At Onagawa Daiichi Junior High School, Kelly Kearney from Princeton University described the mechanism of a tsunami, while Audrey Valls from the University of British Columbia Fisheries Centre and Chris McOwen from Cambridge University’s World Conservation Monitoring Centre spoke about biodiversity in the oceans.

The Mysteries of the Oceans

At all three schools, students had a chance to ask the fellows questions after the lecture. Initially they asked about places that the fellows had visited in Japan, whether they liked Japanese food, and other questions concerning their visit, but gradually the focus shifted to the oceans.

One student asked: “Will climate change affect Onagawa?” In response, Andre Boustany from Duke University explained: “A rise in water temperature can lead to a change in how fish move and which fish are caught where. Yesterday, we saw a large number of sunfish in fixed fishing nets in Miyako. Sunfish are normally found in the south. Was their presence here connected with warmer temperatures? Scientists need to be careful when examining the impact of global warming and consider other possible factors in the changing distribution of fish.”

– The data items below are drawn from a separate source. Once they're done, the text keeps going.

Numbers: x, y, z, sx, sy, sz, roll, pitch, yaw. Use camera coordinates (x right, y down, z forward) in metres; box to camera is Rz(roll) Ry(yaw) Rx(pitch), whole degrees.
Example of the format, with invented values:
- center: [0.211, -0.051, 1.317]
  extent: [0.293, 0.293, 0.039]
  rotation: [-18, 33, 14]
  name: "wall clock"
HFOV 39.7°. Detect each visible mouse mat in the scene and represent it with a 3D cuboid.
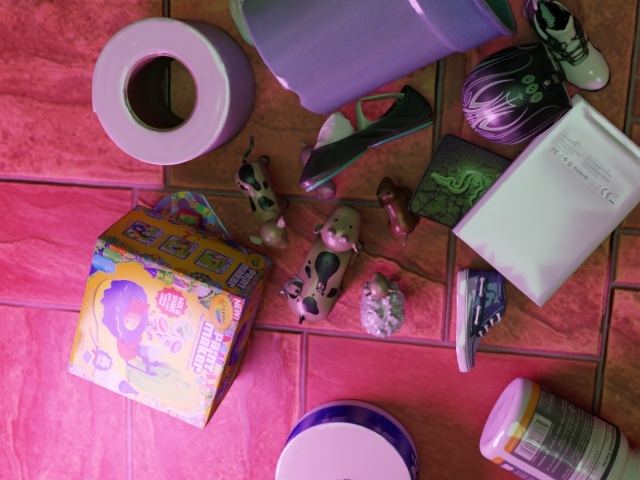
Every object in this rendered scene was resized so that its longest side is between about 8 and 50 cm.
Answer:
- center: [0.261, -0.087, 1.531]
  extent: [0.190, 0.007, 0.152]
  rotation: [20, 106, -19]
  name: "mouse mat"

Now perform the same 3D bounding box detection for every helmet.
- center: [0.311, -0.234, 1.440]
  extent: [0.161, 0.169, 0.169]
  rotation: [-25, 97, 14]
  name: "helmet"

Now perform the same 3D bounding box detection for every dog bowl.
- center: [0.051, 0.443, 1.676]
  extent: [0.265, 0.104, 0.265]
  rotation: [2, 103, 10]
  name: "dog bowl"

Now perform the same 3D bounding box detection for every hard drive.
- center: [0.403, -0.066, 1.508]
  extent: [0.203, 0.040, 0.307]
  rotation: [41, 100, -1]
  name: "hard drive"

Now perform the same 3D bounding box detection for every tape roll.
- center: [-0.250, -0.263, 1.543]
  extent: [0.246, 0.169, 0.246]
  rotation: [3, 103, 11]
  name: "tape roll"

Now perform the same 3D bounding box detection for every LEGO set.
- center: [-0.033, 0.080, 1.507]
  extent: [0.083, 0.023, 0.054]
  rotation: [12, 120, 1]
  name: "LEGO set"

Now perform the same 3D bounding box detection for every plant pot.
- center: [0.077, -0.386, 1.386]
  extent: [0.334, 0.341, 0.341]
  rotation: [-28, 96, 23]
  name: "plant pot"

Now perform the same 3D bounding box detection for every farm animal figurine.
- center: [0.000, 0.000, 1.551]
  extent: [0.330, 0.172, 0.326]
  rotation: [9, 104, 9]
  name: "farm animal figurine"

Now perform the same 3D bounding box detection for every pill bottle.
- center: [0.436, 0.372, 1.557]
  extent: [0.278, 0.162, 0.162]
  rotation: [29, 106, 3]
  name: "pill bottle"

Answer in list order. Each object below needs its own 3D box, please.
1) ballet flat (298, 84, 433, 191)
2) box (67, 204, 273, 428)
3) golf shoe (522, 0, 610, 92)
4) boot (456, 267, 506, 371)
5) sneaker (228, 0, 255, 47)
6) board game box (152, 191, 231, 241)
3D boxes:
- center: [0.063, -0.182, 1.492]
  extent: [0.280, 0.095, 0.096]
  rotation: [-30, 96, -24]
  name: "ballet flat"
- center: [-0.271, 0.135, 1.610]
  extent: [0.279, 0.177, 0.290]
  rotation: [21, 116, 5]
  name: "box"
- center: [0.401, -0.319, 1.445]
  extent: [0.077, 0.094, 0.198]
  rotation: [-42, 94, 15]
  name: "golf shoe"
- center: [0.288, 0.145, 1.581]
  extent: [0.086, 0.069, 0.190]
  rotation: [1, 101, 14]
  name: "boot"
- center: [-0.131, -0.443, 1.506]
  extent: [0.090, 0.115, 0.232]
  rotation: [-8, 101, 13]
  name: "sneaker"
- center: [-0.251, -0.008, 1.671]
  extent: [0.133, 0.033, 0.168]
  rotation: [-31, 95, 16]
  name: "board game box"

A question was also asked about mermaids. Andrew Merrie, a researcher in resources management and policy analysis from Stockholm University and the only one of the 10 with a background in the policy studies, said: “Mermaids are believed to be modeled on dugongs [a large marine mammal]. Drunken fishermen mistook dugongs for mermaids. But this doesn’t mean mermaids don’t exist. For example, people in Europe used to believe that the ‘giant squid’ was only a legend. But we now know the giant squid dwells in the deep sea. Our knowledge of oceans is limited to the surface waters. We know virtually nothing about the living organisms in the deepest layers. So who knows? Maybe there are mermaids.”

Yoshitaka Ota, a senior researcher at the University of British Columbia Fisheries Centre and co-director of the Nereus Program, served as a moderator of the lectures. In his closing message, he thanked the students:
“We came to Tohoku to give lectures, but we were the ones who learned more. Researchers are knowledgeable and are characters [Laughs], but they also tend to live in their own little world and get too focused on their research. We constantly need to remind ourselves not to do this. We’re grateful for this encounter with you. Thank you.”

The lectures may open up new paths for some students. As one student said: “The class was really interesting. My grandfather’s aquafarm was damaged by the tsunami. Until the tsunami hit, we’d never thought of the ocean as being so powerful. I’d been thinking I wanted to help my grandfather out, but I wasn’t sure how I could. Researching the oceans may be one way.”